**AIM OF THE EXERCISE:** Without including any picture, transcribe the entries below word for word.

[[ RECORDS PROVIDED, beginning ]]

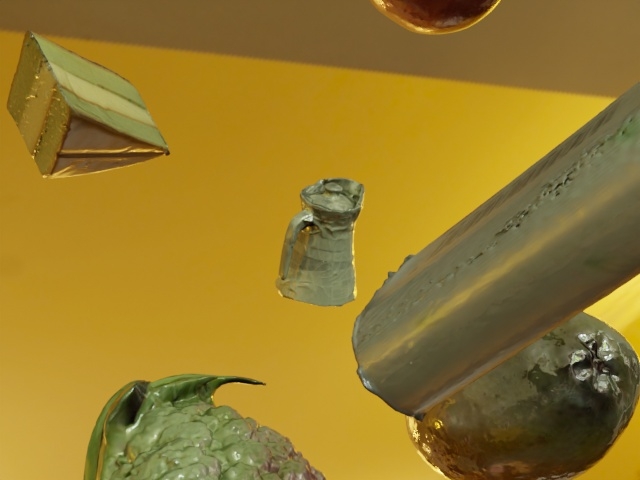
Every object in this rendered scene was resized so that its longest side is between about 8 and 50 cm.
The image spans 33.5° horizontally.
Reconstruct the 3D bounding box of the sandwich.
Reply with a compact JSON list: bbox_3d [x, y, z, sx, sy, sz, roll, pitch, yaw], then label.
[{"bbox_3d":[-0.242,-0.159,1.193,0.187,0.117,0.144,-18,-19,-40],"label":"sandwich"}]

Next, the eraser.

[[ RECORDS PROVIDED, end ]]

**ANSWER AREA:**
Every object in this rendered scene was resized so that its longest side is between about 8 and 50 cm.
The image spans 33.5° horizontally.
Reconstruct the 3D bounding box of the sandwich.
Reply with a compact JSON list: bbox_3d [x, y, z, sx, sy, sz, roll, pitch, yaw], then label.
[{"bbox_3d":[-0.242,-0.159,1.193,0.187,0.117,0.144,-18,-19,-40],"label":"sandwich"}]

Next, the eraser.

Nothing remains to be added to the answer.